Running with artic-tools==0.3.1 fixes the artic-tools check_vcf error on artic==1.3.0-dev. It might be just a matter of updating the artic-tools dependency to the newest version.

[Coppini]

On v1.2.1, the problem is on Longshot

On v1.3.0, this is actually a duplicate of https://github.com/artic-network/fieldbioinformatics/issues/88

[knewl]

The above error is occurring regularly using ARTIC v1.2.4 in samples with very low coverage (roughly 0 to 5 aligned reads).

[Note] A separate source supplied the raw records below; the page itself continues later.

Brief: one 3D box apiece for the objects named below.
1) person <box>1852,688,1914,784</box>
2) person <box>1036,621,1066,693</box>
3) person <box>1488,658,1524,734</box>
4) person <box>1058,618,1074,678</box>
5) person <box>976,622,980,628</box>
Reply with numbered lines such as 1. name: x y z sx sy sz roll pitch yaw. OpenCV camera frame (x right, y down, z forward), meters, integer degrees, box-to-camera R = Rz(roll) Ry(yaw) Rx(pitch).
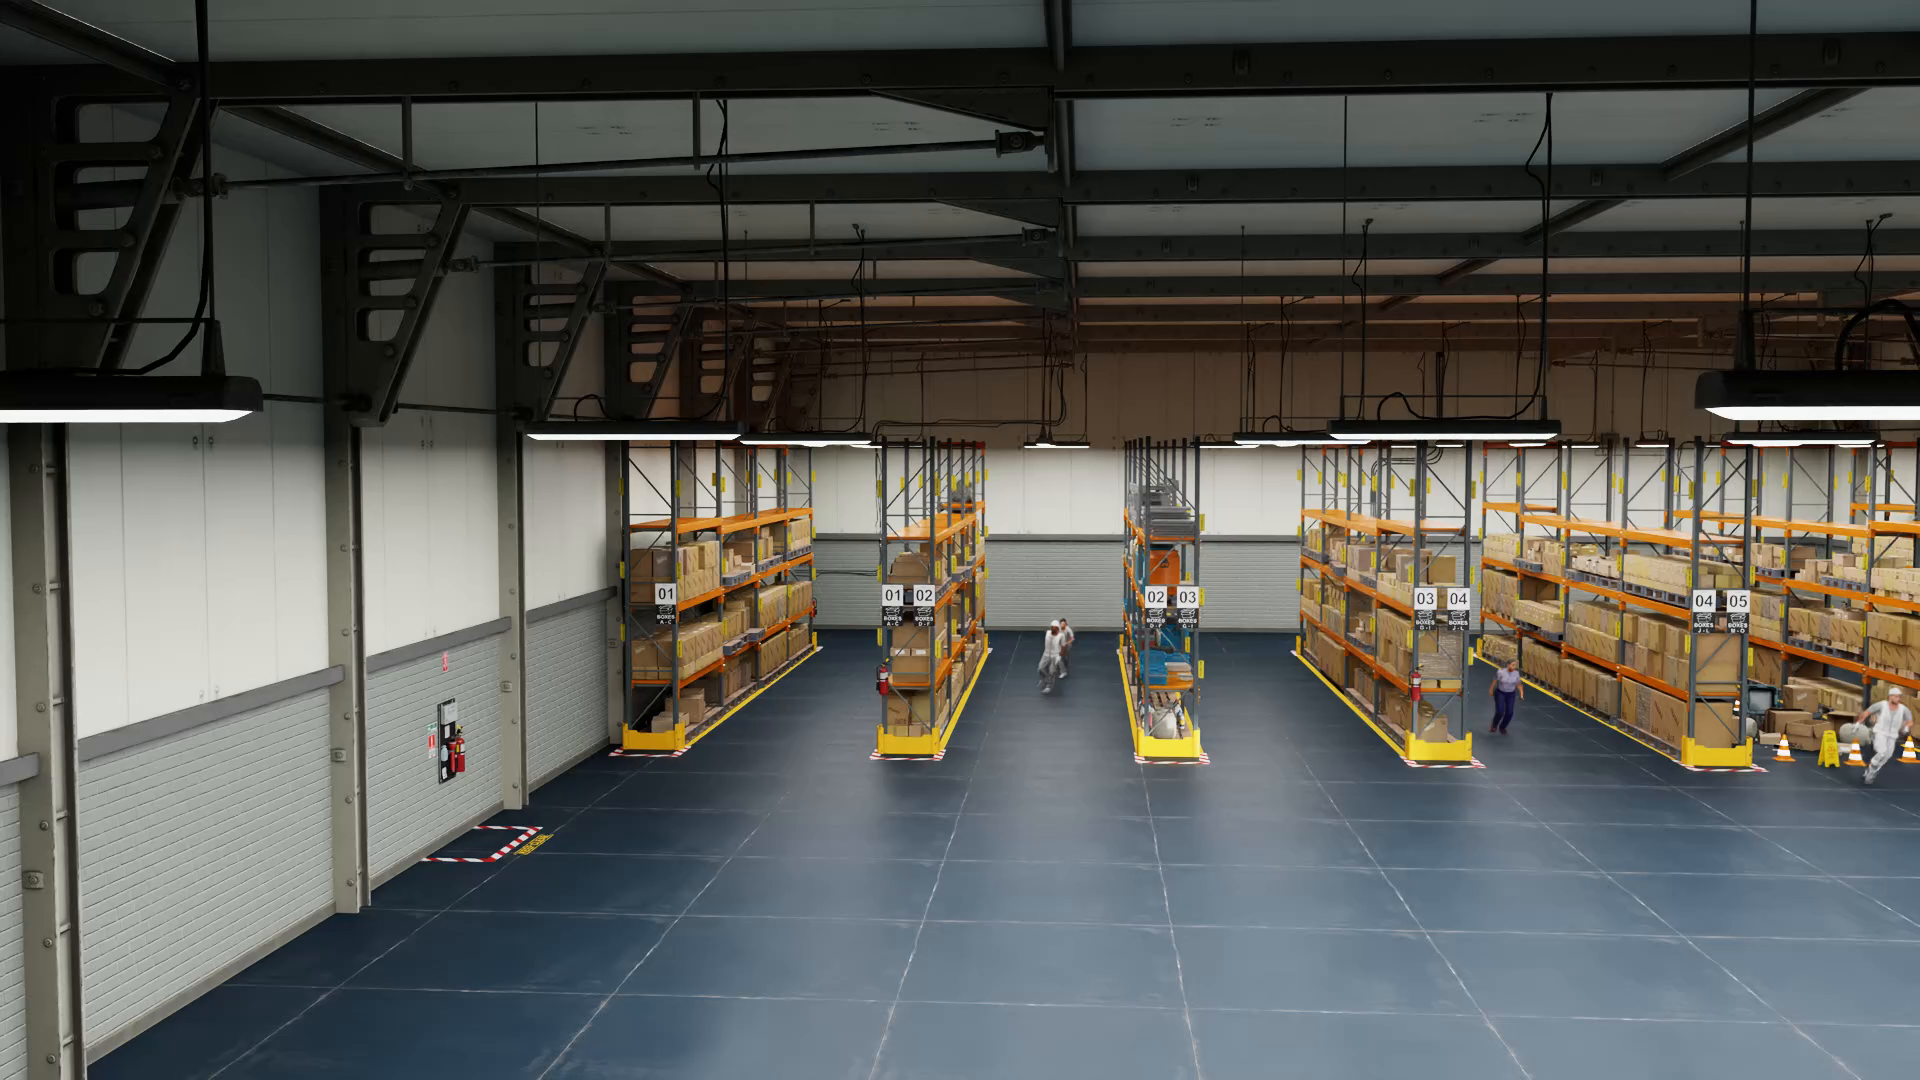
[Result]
1. person: 15.858 3.365 28.459 0.844 1.691 0.705 0 3 2
2. person: 2.122 2.754 39.149 0.781 1.741 0.523 1 3 26
3. person: 11.009 3.138 33.471 0.573 1.562 0.649 0 3 -5
4. person: 2.667 2.695 42.141 0.577 1.513 1.029 1 3 16
5. person: 0.387 2.282 48.513 0.871 1.674 0.659 1 3 10
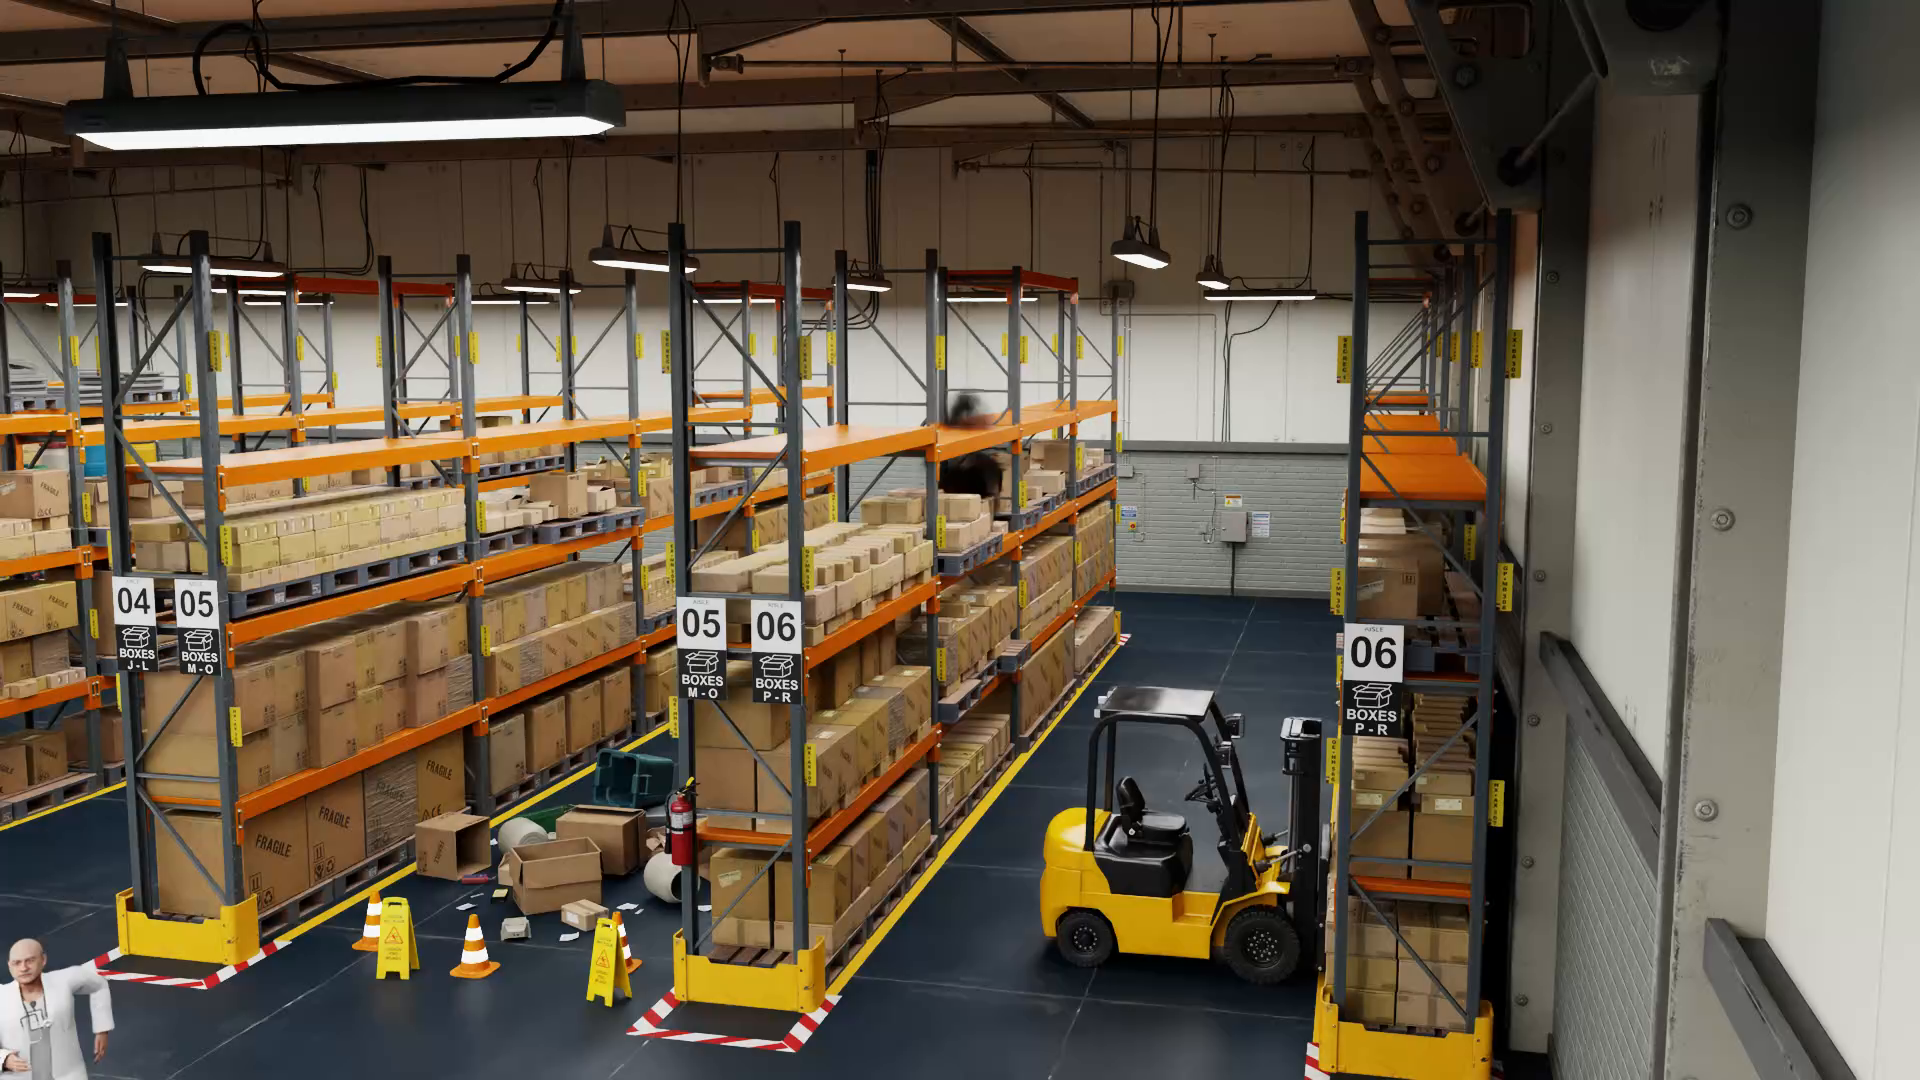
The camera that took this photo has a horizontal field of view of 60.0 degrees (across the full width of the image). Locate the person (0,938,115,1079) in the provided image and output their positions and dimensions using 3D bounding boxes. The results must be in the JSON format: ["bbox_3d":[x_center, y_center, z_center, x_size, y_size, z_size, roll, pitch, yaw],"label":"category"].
[{"bbox_3d":[-5.240,3.142,9.533,0.728,1.792,0.965,-3,8,-27],"label":"person"}]

Command failed:longshot -P 0 -F -A --no_haps --bam sample_name.primertrimmed.rg.sorted.bam --ref primer-schemes/SARS-CoV-2/V5.3.2/SARS-CoV-2.reference.fasta --out sample_name.merged.vcf --potential_variants sample_name.merged.vcf.gz

As mentioned above, a solution would be to remove the '-A' (automatic max coverage) flag from the longshot command or to make it optional.